The Book
<<
Previous Chapter : Book
Index : Next Chapter>>
14. De Kruis
Correspondenties
‘Het meest overtuigende bewijs van een leven na de
dood dat ooit op papier is gezet.’
Colin Wilson
Een terugkomend argument in paranormaal onderzoek is dat
de informatie die door mediums word geproduceerd als bewijsmateriaal
voor het hiernamaals zou kunnen komen uit het eigen onderbewustzijn
van het medium of door het lezen van de gedachten van de
zitters.
Maar paranormaal onderzoek naar het smalle onderwerp van
de rol die het onderbewustzijn van het medium speelt is
zeer succesvol geweest in het laten zien dat het onderbewustzijn
bij echte mediums niets te maken heeft met de informatie
die wordt gestuurd uit het hiernamaals. Ook telepathie van
de zitters naar het medium heeft er niets mee te maken.
De ‘Myers Kruis Correspondenties’ ('Myers Cross-Correspondences)
zijn nu klassiek bewijs voor overleven en hebben veel invloed
en overtuigingskracht die talloze mensen helpt om het leven
na de dood te accepteren.
Frederick W.H. Myers (zie links) was een Cambridge Classics
geleerde en een schrijver in de late vorige eeuw. Hij was
ook één van de pioniers die de Sociëteit
voor Paranormaal Onderzoek (Society for Psychical Research
) oprichtte en hij was betrokken bij onderzoek naar het
hiernamaals. Toen hij nog leefde was hij in het bijzonder
geïnteresseerd om een manier te vinden om te bewijzen
dat de informatie die door mediums werd doorgegeven niet
uit hun onderbewustzijn kon komen.
De methode die hij bedacht waren de Kruis Correspondenties—een
serie boodschappen naar verschillende mediums in verschillende
delen van de wereld die op zichzelf geen betekenis hadden,
maar als ze samen werden gevoegd zou de betekenis duidelijk
worden. Hij vond samen met zijn medeleiders van de Sociëteit
voor Paranormaal Onderzoek dat als zoiets kon worden bereikt
dit een hoog betrouwbaarheidsgehalte zou hebben alsmede
een zeer goed bewijs voor het leven na de dood.

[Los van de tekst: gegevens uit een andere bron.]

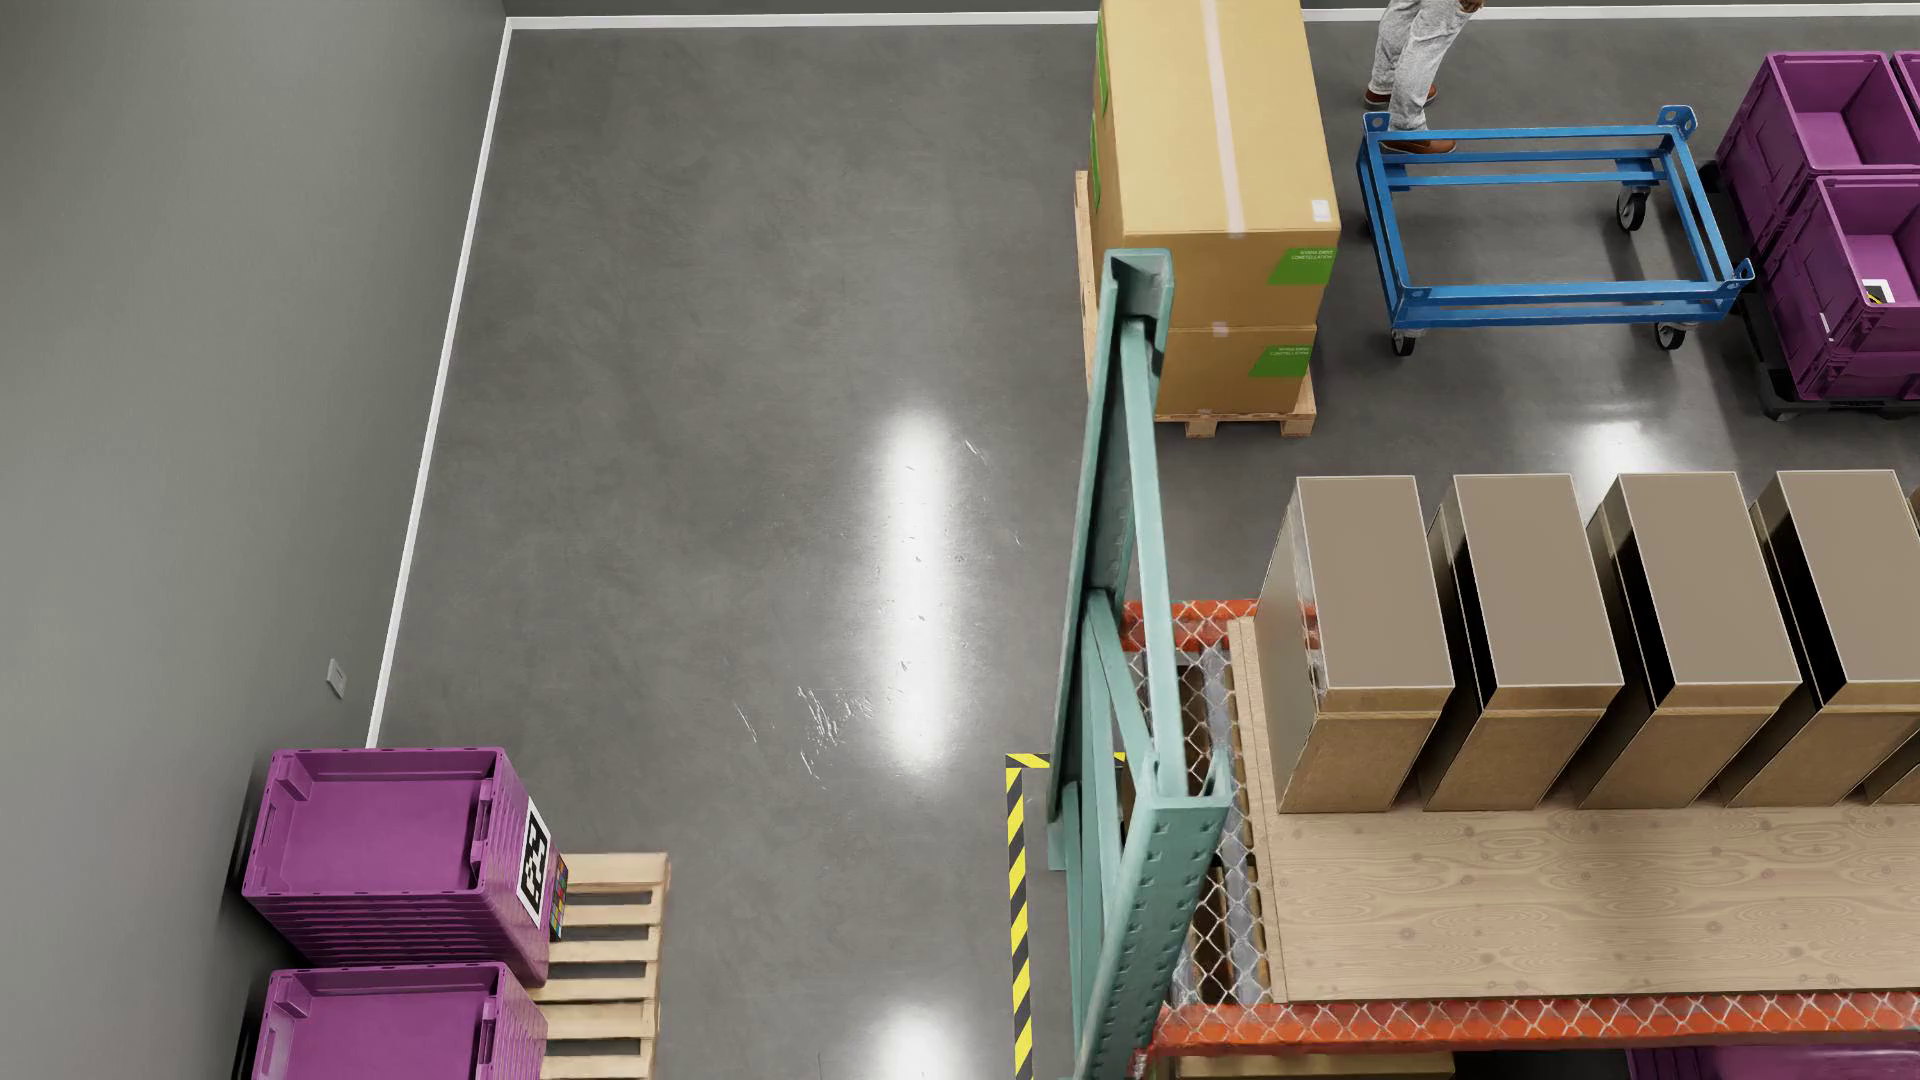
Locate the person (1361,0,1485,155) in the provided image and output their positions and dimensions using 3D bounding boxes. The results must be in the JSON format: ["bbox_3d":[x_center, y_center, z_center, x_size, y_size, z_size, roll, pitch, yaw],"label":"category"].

Nadat hij stierf in 1901 begonnen meer dan een dozijn mediums
in verschillende landen series incomplete scripts te ontvangen
d.m.v. het automatische schrift, ze werden gesigneerd met
Frederick Myers. Later werden er scripts ontvangen die werden
ondertekend door zijn medeleiders van de Sociëteit
voor Paranormaal Onderzoek, dit waren Professor Henry Sidgwick
en Edmund Gurney. Dit gebeurde na het sterven van deze mensen.
De scripts gingen allemaal over obscure klassieke onderwerpen
en betekenden op zichzelf niets. Maar toen de mediums werden
verteld om contact op te nemen met een centraal adres en
de scripts werden verzameld, pasten ze bij elkaar als de
stukjes van een puzzel. Alles bij elkaar zij er meer dan
3.000 scripts ontvangen in een periode van meer dan dertig
jaar. Sommige van deze waren meer dan 40 getypte pagina’s
lang. Samen vormden ze 24 volumes en 12.000 bladzijden!!
Het onderzoek ging zolang door dat sommige onderzoekers
zoals Professor Verrall stierven tijdens het onderzoek en
zelf begonnen te communiceren.
De mediums die gebruikt werden door Myers en de anderen
vanuit het hiernamaals waren geen professoren in klassieken.
Ze waren niet hoog opgeleid en al de boodschappen die doorkwamen
gingen hun eigen kennis en ervaring te boven. In één
geval communiceerde het medium Mrs. Coombe-Tennant d.m.v.
het automatische schrift met de geest van Professor Sidgwick
en zijn levende collega G. W. Balfour over de lichaam-geest
relatie, epiphenomenalisme en interactionisme. Ze klaagde
bitter dat ze geen idee had waar ze het over hadden en verloor
haar geduld over het feit dat er van haar gevraagd werd
om zulke moeilijke dingen door te geven.
Myers zei dat het extreem moeilijk was om boodschappen
door te geven vanuit de geesteswereld naar de mediums. Hij
beschrijft het als:
...staande achter een stuk bevroren glas die het zicht
verwaast en het geluid smoort terwijl je zwak dicteert aan
een niet meewerkende secretaresse die traag is van begrip
(Wilson 1987: 176).
De informatie die doorkwam tijdens het Myers-experiment
was zo accuraat dat het de leden van de Sociëteit voor
Paranormaal Onderzoek versteld deed staan. Op een gegeven
moment huurden degenen die onderzoek deden naar de Myers
Kruis Correspondenties privé detectives in om Mrs.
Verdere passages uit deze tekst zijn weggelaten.